Lo paradójicamente curioso del caso es que justo en la edad del celo libertario, esa soñada independencia muchas veces se haga trizas ante las dependencias más primitivas y contrarias a la propia naturaleza del deseo juvenil. ¿De qué se trata si no la dependencia a cualquier tipo de sustancias, desde el alcohol más barato hasta la droga más elaborada?
¡Y pensar que todavía hay chicos que creen que libremente han elegido entrar en semejantes servilismos!

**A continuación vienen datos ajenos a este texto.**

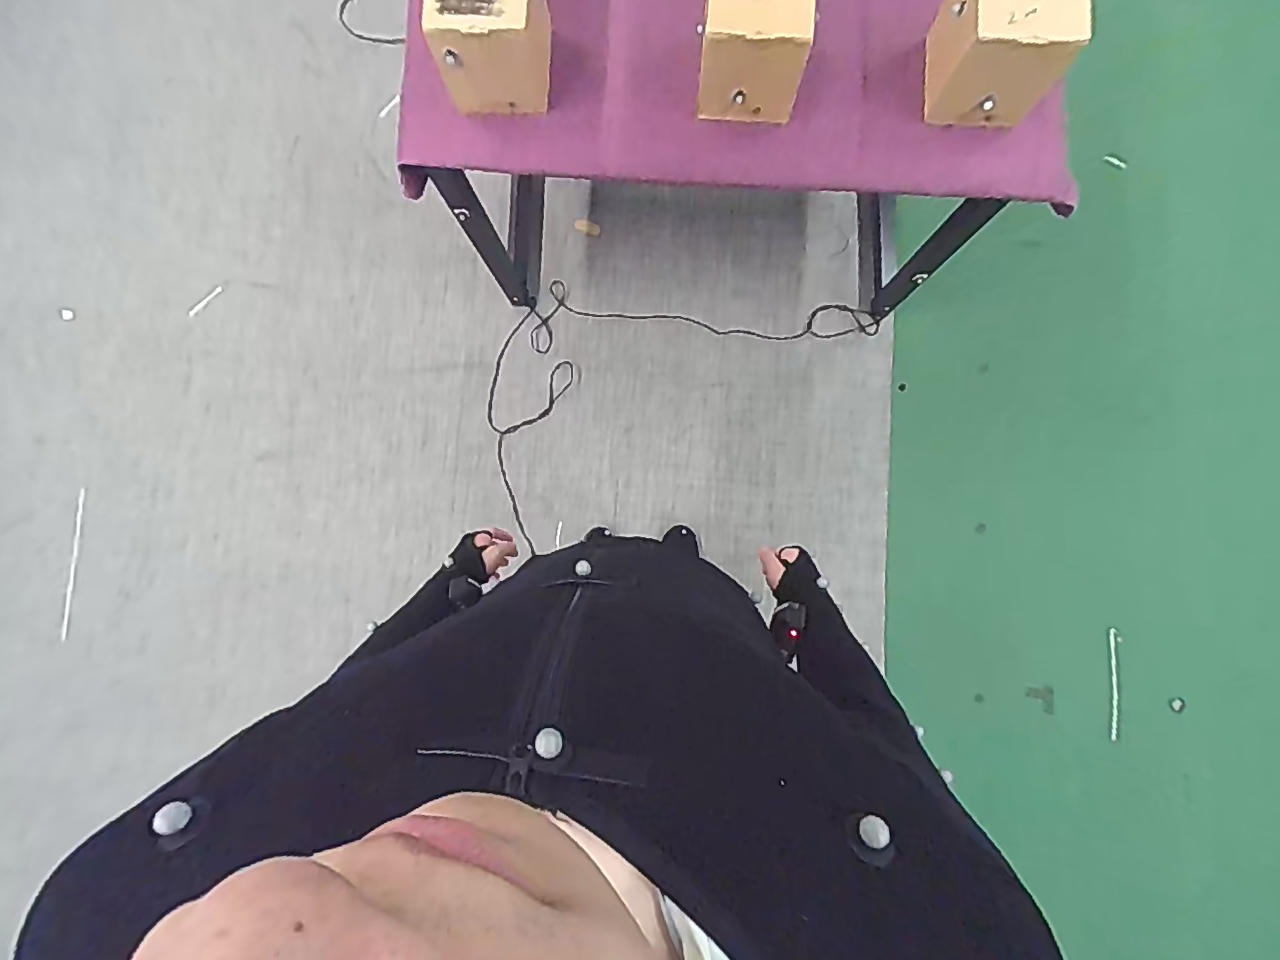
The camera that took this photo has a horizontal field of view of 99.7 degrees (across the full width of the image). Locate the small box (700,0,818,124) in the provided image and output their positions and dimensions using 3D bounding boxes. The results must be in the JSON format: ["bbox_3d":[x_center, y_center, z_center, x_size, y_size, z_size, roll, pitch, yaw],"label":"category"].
[{"bbox_3d":[0.195,-0.750,0.913,0.168,0.176,0.179,5,84,2],"label":"small box"}]

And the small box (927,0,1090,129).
[{"bbox_3d":[0.598,-0.729,0.896,0.168,0.176,0.179,5,84,3],"label":"small box"}]
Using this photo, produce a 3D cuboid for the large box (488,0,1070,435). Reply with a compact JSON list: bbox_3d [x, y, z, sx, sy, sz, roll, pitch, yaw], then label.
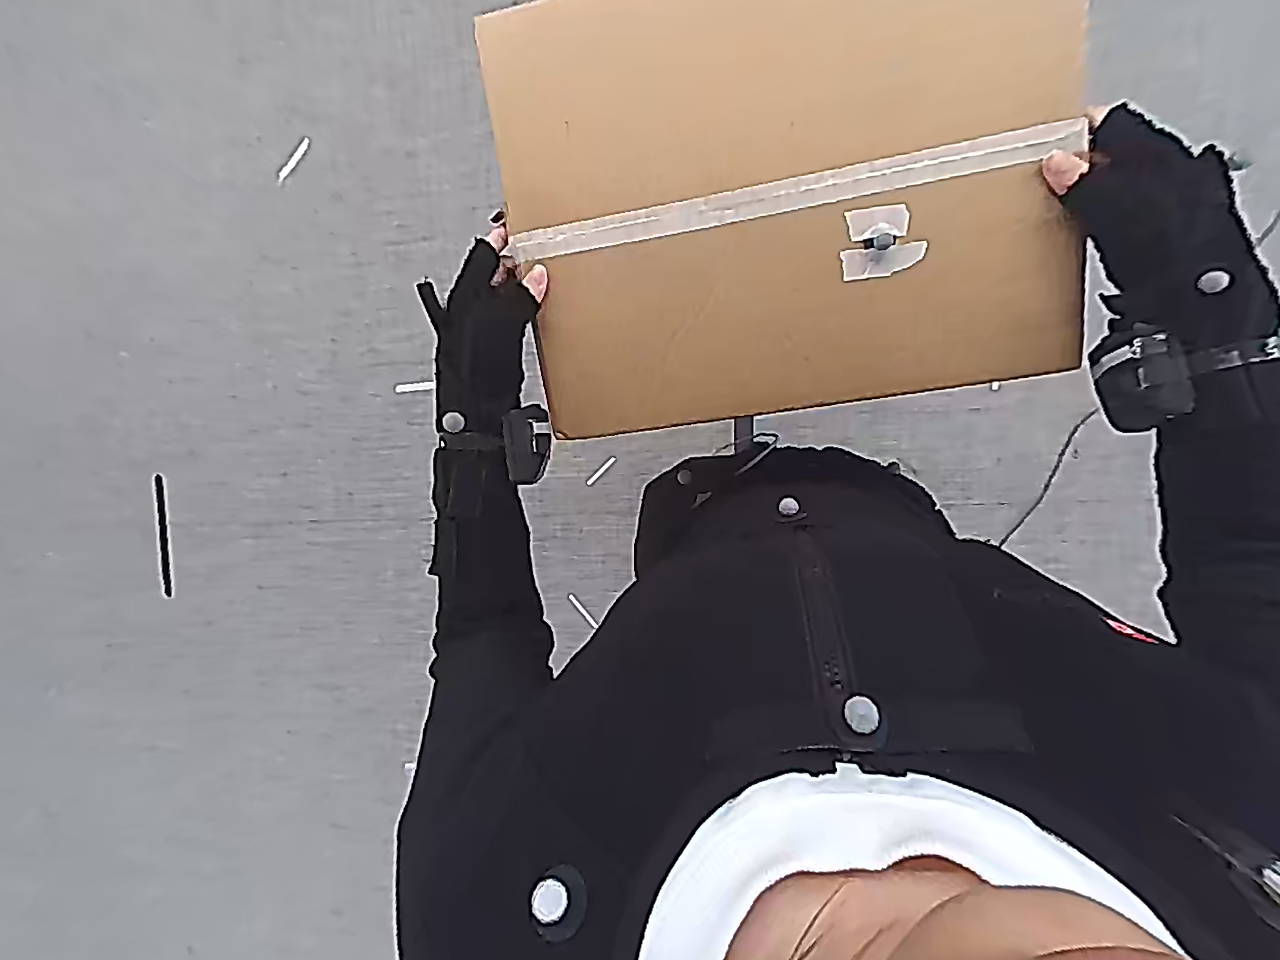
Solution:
[{"bbox_3d":[0.119,-0.248,0.551,0.408,0.320,0.320,-8,104,8],"label":"large box"}]

No es casual el vocablo “adicto”, ya que evidentemente alude al que no puede decir, al que carece de dicción. ¿Y qué es lo que no puede comunicar?
Probablemente algún tipo de angustia existencial, de falta de autoestima (conectadísima a la estima de un otro), de ausencia de proyecto o aledaños, y que justamente por la imposibilidad de procesarlo con un prójimo –más allá de quien sea ese prójimo– suponen que ese escapismo, al principio temporario, será capaz de darle respiro a tamaño ahogo.

En hebreo al “adicto” se lo llama majur , palabra que traducida en sentido literal significa “vendido”, tal vez porque lamentablemente no sea sólo aquello recién descripto lo que está imposibilitado de transmitir.
Se agrega aquí un dato esencial, imposible de soslayar, que es el mercado de consumo al que lo incitan a participar, vendiendo de manera muy pero muy barata su posesión quizá más anhelada: su libertad de decisión, su voluntad.

El resultado es nefasto por donde se lo mire, pues más allá del daño físico que todo adicto se autoinflija, o más allá del perjuicio que ocasione a terceros (cercanos y lejanos), el proceso de su búsqueda de independencia psicológica y de revelación de su propia identidad se verá absolutamente viciado debido a su total sumisión a una cadena de depredadores que –con tal de hacerse de pingües ganancias– no reparan en destrozar cuanta vida ronde a su alrededor.

Todavía no deja de sorprenderme cómo algunos de nuestros jóvenes aún no se dan cuenta de que el hecho de que disminuya la edad de ingreso al consumo de todo este tipo de sustancias se debe en gran parte a una doble causa. Por un lado, para ampliar económicamente el mercado de los posibles consumidores, y por el otro, por la debilidad de la personalidad de los más chicos, a quienes –sin los frenos ni la contención adecuada– se les puede vender, o se los puede comprar por cualquier cosa.
¿Por qué, si no es este el caso, disminuye de manera notable el porcentaje de todas las dependencias a medida que la gente llega a sus veintitantos?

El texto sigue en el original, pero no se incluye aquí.